Kinder, liebe Liebenden, liebe Suchenden, liebe Findenden, liebe Nachdenkenden, liebe Träumenden, liebe Lebenden! Manchmal im diffusen, verwirrenden, verwegenen, wilden, weitschweifigen Leben komme ich nicht umhin kühn, draufgängerisch und unerschrocken ein paar Fragen in den Raum zu werfen die es mir in meiner Freimütigkeit nicht erlauben sie unbeachtet zu lassen. Gottseidank leben wir im Land der Dichter und Denker! Denn so kann ich jederzeit künstlerisch untermauern warum auch mir oft nach Literatur, Lyrik und Poesie zumute ist und diesen unabsichtlich auferlegten Ungewissheiten gleichsam einen geeigneten Rahmen geben der ihrer würdig ist.

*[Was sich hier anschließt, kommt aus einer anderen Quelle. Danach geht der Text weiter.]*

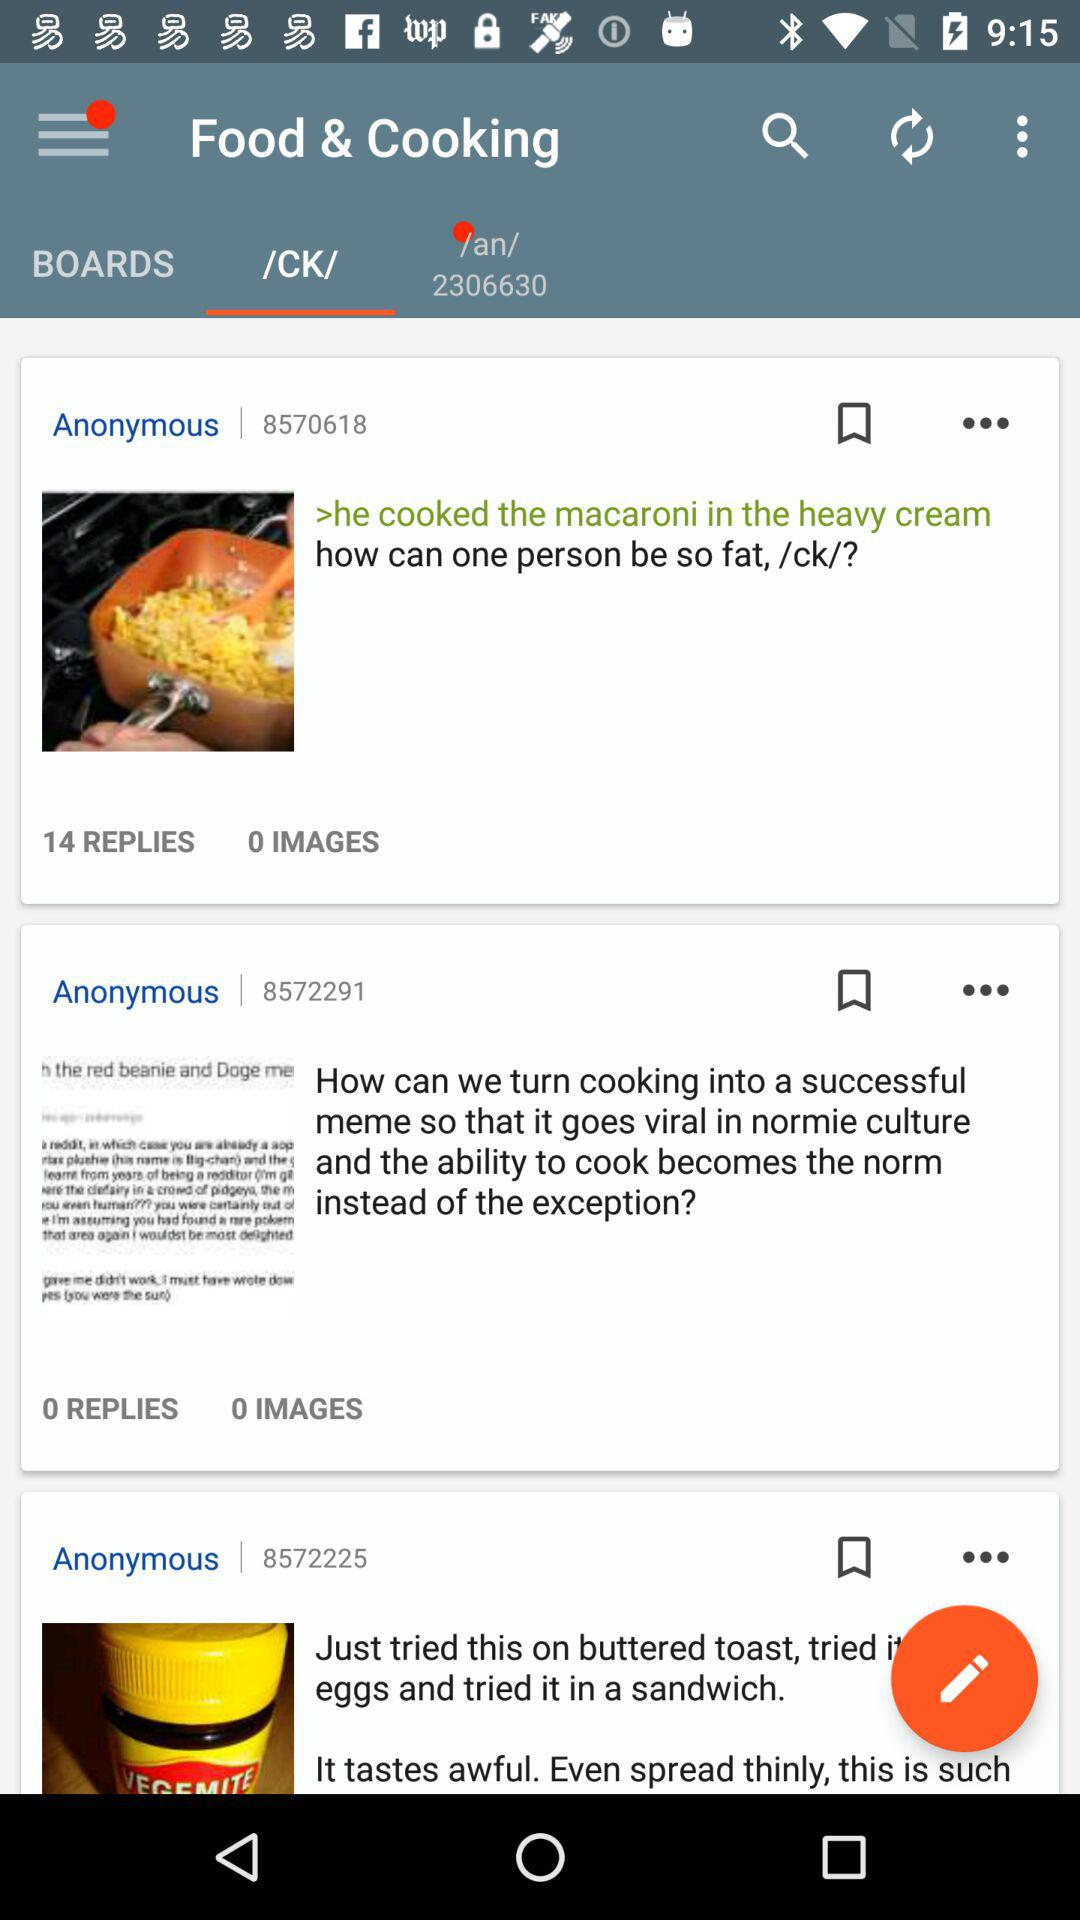How many people have replied to "how can one person be so fat, /ck/?"? The number of people who replied to "how can one person be so fat, /ck/?" is 14. 
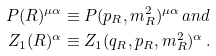Convert formula to latex. <formula><loc_0><loc_0><loc_500><loc_500>P ( R ) ^ { \mu \alpha } & \equiv P ( p _ { R } , m _ { R } ^ { 2 } ) ^ { \mu \alpha } \, a n d \\ Z _ { 1 } ( R ) ^ { \alpha } & \equiv Z _ { 1 } ( q _ { R } , p _ { R } , m _ { R } ^ { 2 } ) ^ { \alpha } \, .</formula> 
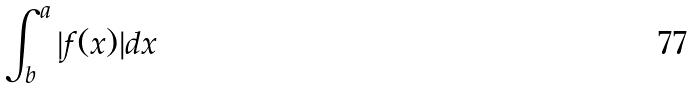<formula> <loc_0><loc_0><loc_500><loc_500>\int _ { b } ^ { a } | f ( x ) | d x</formula> 
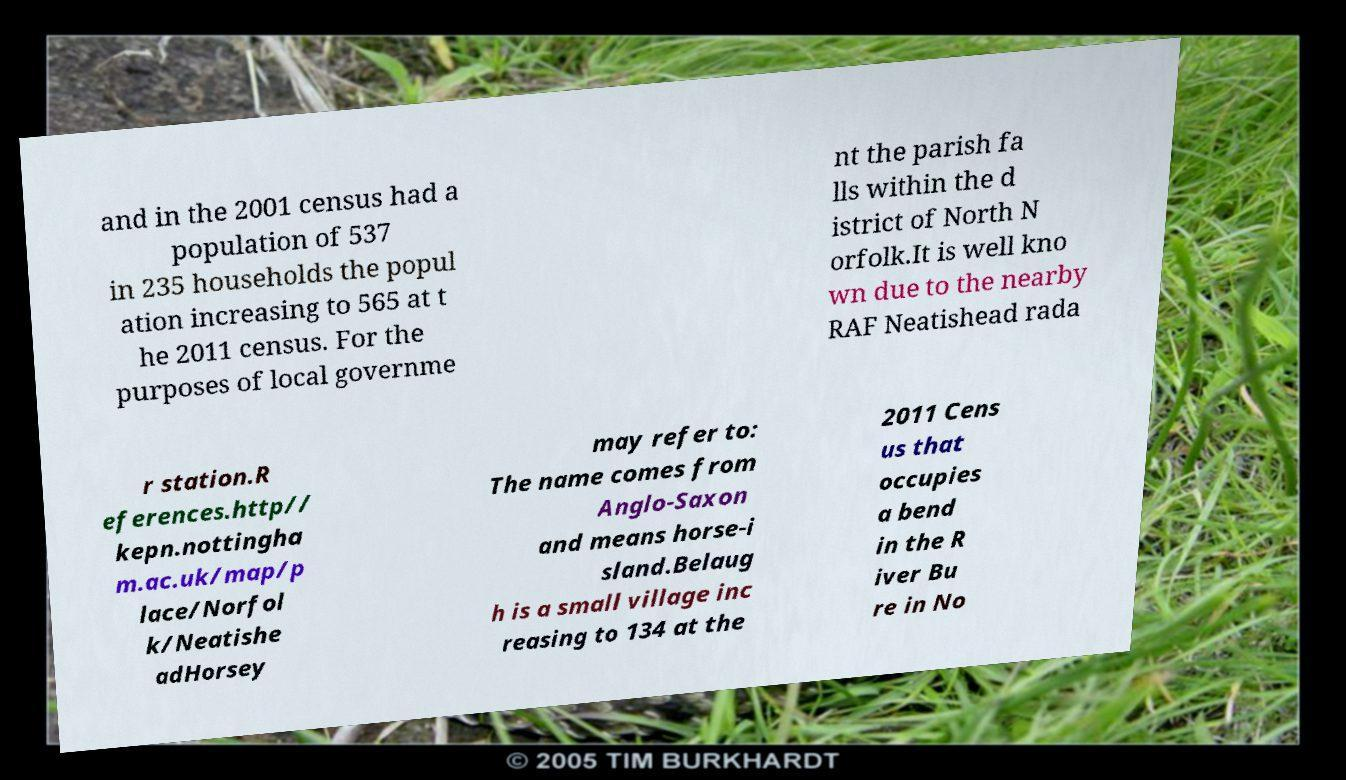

Aber bevor ich wieder einmal abschweife widme ich mich mit wehendem Haar dem bisher noch Unbekannten. Wohlan.

Sodenn habe ich mich schon häufig gefragt warum so viele Prominente eigentlich ständig heiraten und scheinbar auch gar nicht müde werden sich wo auch immer sie stehen und gehen, und manchmal auch liegen, neu zu verlieben und ums erneute…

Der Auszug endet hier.